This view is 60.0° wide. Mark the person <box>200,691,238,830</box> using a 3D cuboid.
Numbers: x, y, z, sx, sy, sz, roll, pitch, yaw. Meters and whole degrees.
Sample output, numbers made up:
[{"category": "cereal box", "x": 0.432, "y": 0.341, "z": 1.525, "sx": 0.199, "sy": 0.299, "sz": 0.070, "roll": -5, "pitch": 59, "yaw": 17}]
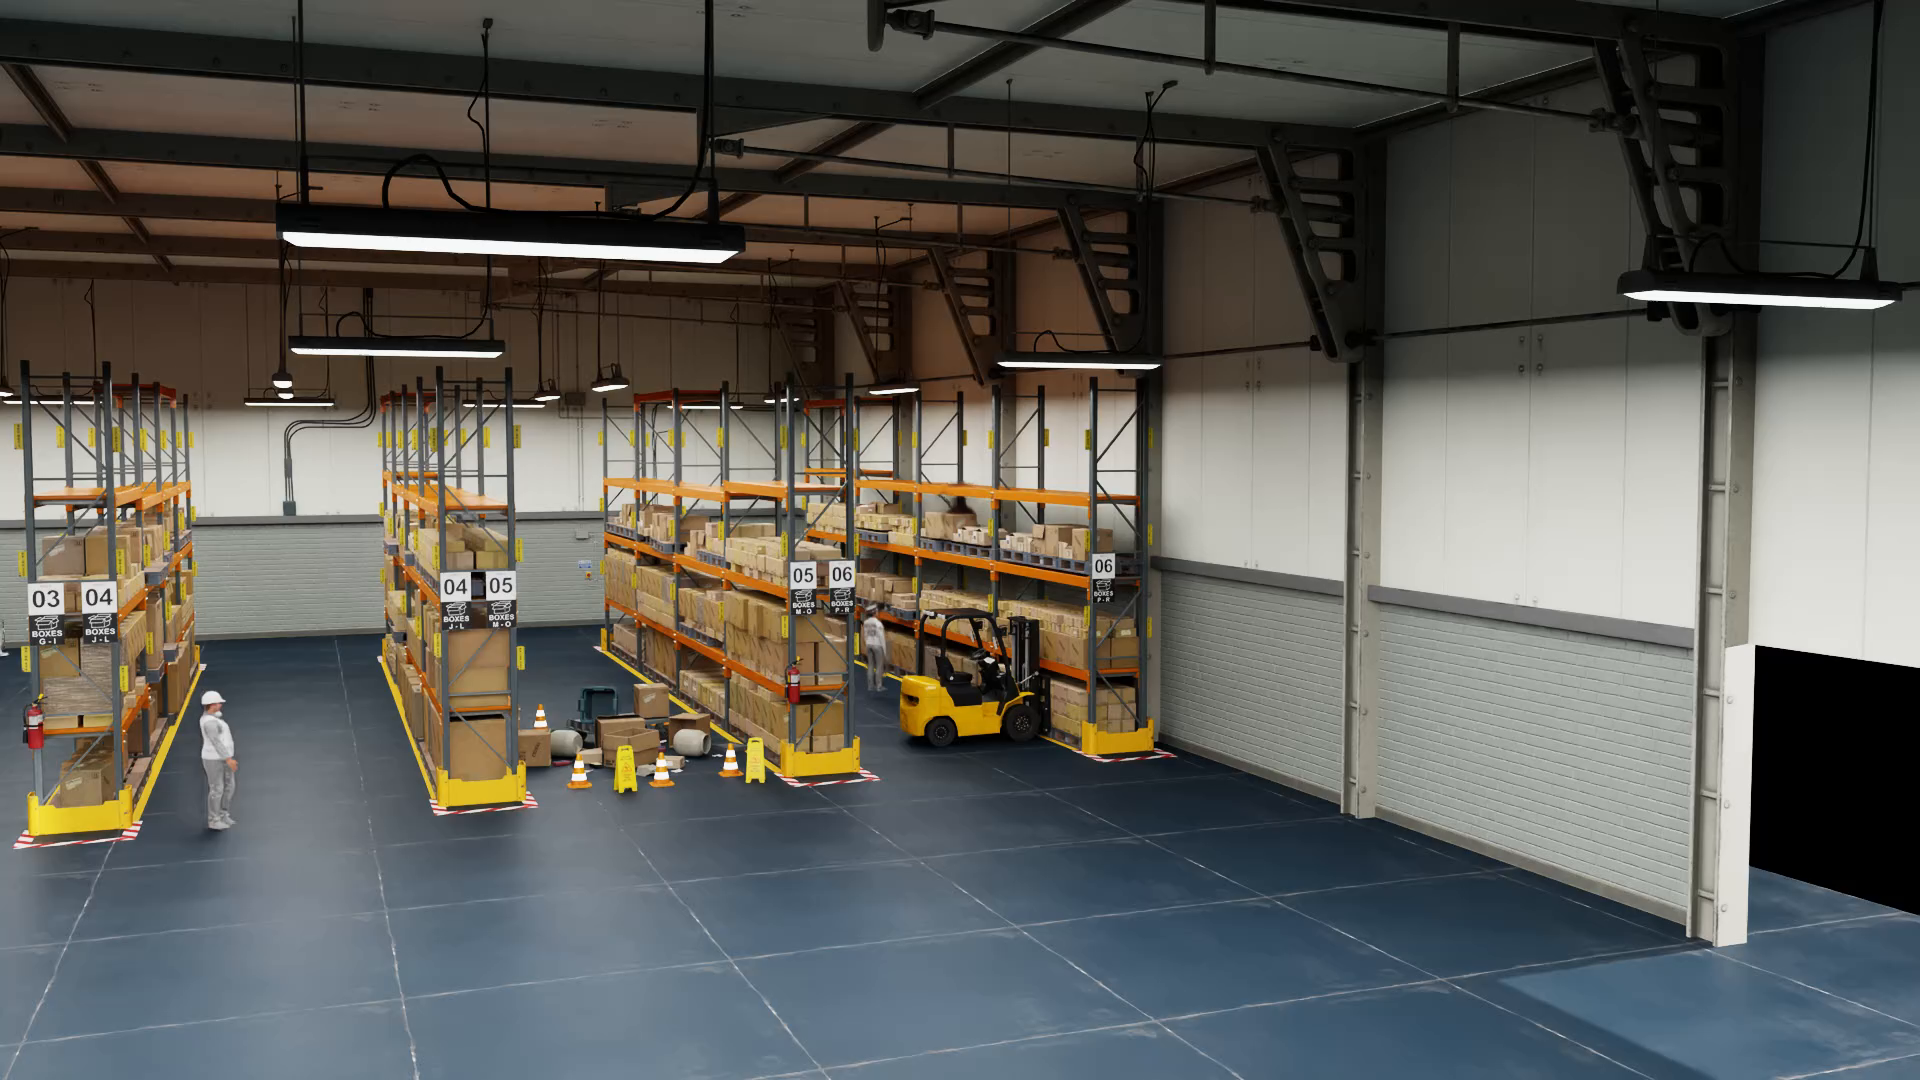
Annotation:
[{"category": "person", "x": -9.536, "y": 2.844, "z": 21.457, "sx": 0.579, "sy": 1.803, "sz": 0.592, "roll": 0, "pitch": 3, "yaw": -2}]

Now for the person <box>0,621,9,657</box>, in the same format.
[{"category": "person", "x": -22.312, "y": 1.832, "z": 38.117, "sx": 0.904, "sy": 1.745, "sz": 0.625, "roll": 0, "pitch": 3, "yaw": 4}]

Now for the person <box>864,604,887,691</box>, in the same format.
[{"category": "person", "x": -1.637, "y": 2.097, "z": 32.343, "sx": 0.542, "sy": 1.685, "sz": 0.393, "roll": 3, "pitch": 5, "yaw": 40}]
○ ○ ○
### Problem requirements
Repeat all the material exactly, but keep pictures out of the copy.

### Answer to this exercise
This view is 60.0° wide. Mark the person <box>200,691,238,830</box> using a 3D cuboid.
Numbers: x, y, z, sx, sy, sz, roll, pitch, yaw. Meters and whole degrees.
Sample output, numbers made up:
[{"category": "cereal box", "x": 0.432, "y": 0.341, "z": 1.525, "sx": 0.199, "sy": 0.299, "sz": 0.070, "roll": -5, "pitch": 59, "yaw": 17}]
Annotation:
[{"category": "person", "x": -9.536, "y": 2.844, "z": 21.457, "sx": 0.579, "sy": 1.803, "sz": 0.592, "roll": 0, "pitch": 3, "yaw": -2}]

Now for the person <box>0,621,9,657</box>, in the same format.
[{"category": "person", "x": -22.312, "y": 1.832, "z": 38.117, "sx": 0.904, "sy": 1.745, "sz": 0.625, "roll": 0, "pitch": 3, "yaw": 4}]

Now for the person <box>864,604,887,691</box>, in the same format.
[{"category": "person", "x": -1.637, "y": 2.097, "z": 32.343, "sx": 0.542, "sy": 1.685, "sz": 0.393, "roll": 3, "pitch": 5, "yaw": 40}]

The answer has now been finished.